* [Work to be completed] Search the material for the word "дорожке" and copy each line that holds it.

* [Provided material]
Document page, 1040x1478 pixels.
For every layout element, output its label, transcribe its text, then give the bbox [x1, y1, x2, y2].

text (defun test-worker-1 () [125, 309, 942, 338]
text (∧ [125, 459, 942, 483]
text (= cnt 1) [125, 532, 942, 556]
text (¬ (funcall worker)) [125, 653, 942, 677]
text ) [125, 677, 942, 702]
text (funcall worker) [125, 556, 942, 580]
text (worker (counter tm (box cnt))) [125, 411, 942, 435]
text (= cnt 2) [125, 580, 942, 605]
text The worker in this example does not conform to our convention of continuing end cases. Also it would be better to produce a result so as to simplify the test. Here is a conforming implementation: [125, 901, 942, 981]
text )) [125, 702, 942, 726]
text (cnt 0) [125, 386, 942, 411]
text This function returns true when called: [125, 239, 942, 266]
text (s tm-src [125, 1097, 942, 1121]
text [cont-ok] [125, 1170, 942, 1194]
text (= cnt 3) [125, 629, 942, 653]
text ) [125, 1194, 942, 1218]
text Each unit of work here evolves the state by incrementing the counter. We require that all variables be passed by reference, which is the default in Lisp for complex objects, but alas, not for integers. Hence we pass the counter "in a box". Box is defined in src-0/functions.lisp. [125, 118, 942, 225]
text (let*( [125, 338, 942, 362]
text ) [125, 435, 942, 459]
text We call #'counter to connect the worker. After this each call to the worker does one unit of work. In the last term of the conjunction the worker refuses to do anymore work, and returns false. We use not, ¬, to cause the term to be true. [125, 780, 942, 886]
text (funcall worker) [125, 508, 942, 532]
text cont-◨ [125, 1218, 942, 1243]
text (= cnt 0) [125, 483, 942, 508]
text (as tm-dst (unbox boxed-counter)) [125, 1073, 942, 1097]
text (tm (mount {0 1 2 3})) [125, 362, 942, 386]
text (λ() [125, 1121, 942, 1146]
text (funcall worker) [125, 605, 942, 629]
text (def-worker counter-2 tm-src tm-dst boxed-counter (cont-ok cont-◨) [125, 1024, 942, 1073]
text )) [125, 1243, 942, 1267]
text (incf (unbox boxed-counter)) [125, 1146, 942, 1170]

...

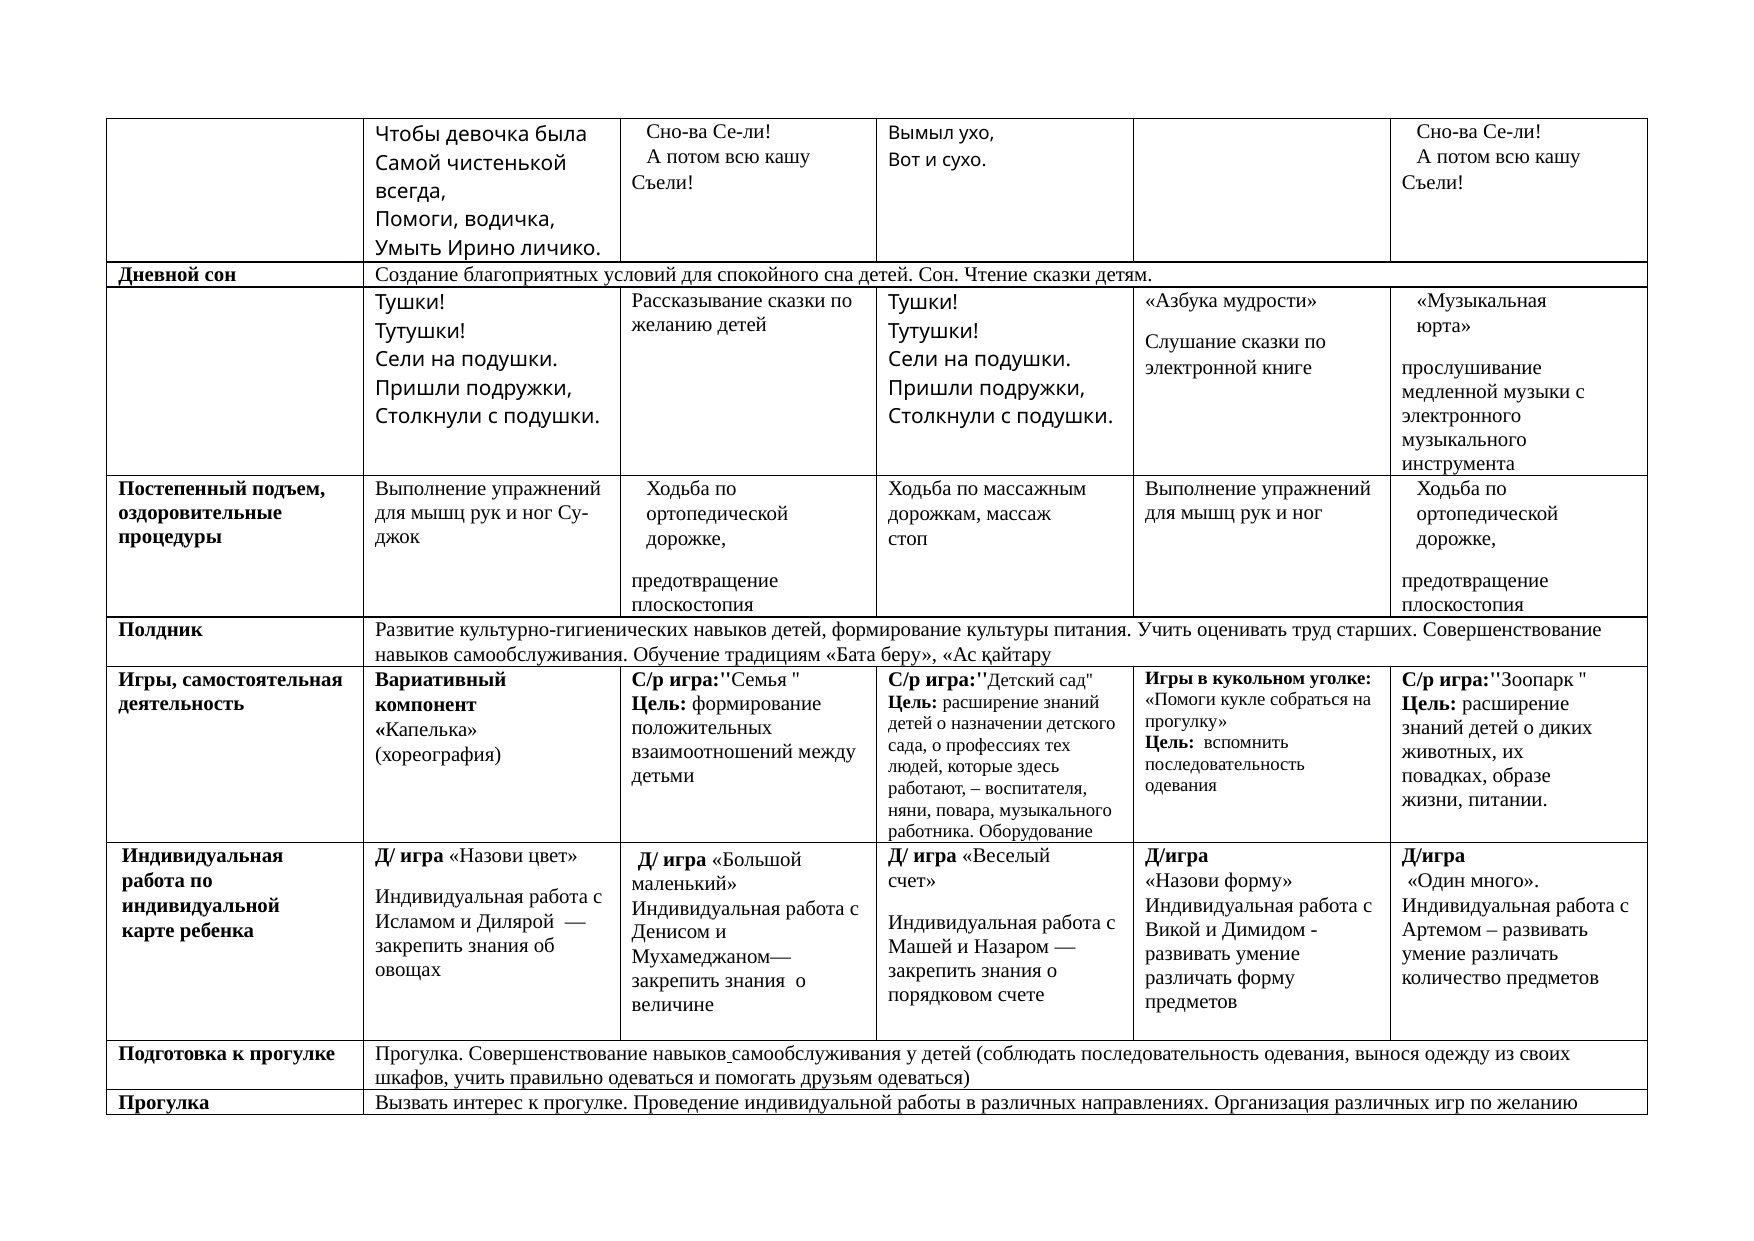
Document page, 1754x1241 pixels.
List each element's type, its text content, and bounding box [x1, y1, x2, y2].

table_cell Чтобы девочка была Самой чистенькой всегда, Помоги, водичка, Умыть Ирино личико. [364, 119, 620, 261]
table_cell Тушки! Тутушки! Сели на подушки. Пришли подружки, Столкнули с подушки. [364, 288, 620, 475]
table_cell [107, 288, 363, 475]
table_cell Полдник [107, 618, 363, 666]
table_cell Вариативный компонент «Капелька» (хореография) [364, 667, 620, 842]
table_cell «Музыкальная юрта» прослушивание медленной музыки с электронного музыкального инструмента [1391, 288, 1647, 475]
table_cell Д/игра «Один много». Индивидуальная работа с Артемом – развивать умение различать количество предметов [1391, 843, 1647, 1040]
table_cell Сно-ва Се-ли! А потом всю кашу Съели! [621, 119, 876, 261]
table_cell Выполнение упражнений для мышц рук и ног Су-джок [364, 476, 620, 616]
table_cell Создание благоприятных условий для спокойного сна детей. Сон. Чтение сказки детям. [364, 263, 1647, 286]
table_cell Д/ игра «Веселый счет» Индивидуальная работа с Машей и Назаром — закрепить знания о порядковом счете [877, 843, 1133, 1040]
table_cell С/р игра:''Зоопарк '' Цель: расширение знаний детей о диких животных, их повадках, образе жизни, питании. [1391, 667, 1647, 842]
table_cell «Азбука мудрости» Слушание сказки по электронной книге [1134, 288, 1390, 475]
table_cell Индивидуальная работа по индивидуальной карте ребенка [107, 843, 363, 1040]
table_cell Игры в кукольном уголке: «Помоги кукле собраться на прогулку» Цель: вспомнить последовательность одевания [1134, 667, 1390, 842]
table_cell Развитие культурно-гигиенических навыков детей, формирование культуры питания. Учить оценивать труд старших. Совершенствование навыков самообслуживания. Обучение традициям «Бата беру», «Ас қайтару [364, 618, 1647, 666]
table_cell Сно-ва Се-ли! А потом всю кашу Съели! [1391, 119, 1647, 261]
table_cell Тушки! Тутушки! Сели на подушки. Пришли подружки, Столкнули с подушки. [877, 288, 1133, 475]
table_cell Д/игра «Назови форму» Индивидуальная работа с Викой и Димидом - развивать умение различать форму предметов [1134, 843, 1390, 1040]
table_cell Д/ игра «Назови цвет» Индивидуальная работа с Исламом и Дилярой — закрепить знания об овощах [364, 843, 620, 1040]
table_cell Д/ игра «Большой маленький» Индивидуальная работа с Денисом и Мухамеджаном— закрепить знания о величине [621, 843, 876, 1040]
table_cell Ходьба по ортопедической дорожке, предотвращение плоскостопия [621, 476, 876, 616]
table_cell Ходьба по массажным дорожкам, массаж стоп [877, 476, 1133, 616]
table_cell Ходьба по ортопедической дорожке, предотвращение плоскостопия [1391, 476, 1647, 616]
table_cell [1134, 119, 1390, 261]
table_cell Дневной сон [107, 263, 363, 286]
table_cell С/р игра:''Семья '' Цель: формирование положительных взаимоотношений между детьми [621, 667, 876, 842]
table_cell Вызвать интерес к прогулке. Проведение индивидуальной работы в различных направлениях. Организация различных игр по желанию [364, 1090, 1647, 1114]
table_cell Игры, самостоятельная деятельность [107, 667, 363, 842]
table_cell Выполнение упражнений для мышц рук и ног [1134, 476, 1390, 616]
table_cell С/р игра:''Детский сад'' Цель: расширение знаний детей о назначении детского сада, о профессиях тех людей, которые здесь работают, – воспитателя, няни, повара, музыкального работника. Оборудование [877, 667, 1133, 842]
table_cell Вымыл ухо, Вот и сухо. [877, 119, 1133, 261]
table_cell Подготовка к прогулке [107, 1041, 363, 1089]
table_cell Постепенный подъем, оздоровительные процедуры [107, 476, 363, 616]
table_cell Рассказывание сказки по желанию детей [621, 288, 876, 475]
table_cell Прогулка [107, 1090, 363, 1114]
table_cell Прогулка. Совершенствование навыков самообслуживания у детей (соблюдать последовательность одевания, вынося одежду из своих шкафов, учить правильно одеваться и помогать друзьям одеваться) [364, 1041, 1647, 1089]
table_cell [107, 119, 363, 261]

* [Written solution]
table_cell Ходьба по ортопедической дорожке, предотвращение плоскостопия [621, 476, 876, 616]
table_cell Ходьба по ортопедической дорожке, предотвращение плоскостопия [1391, 476, 1647, 616]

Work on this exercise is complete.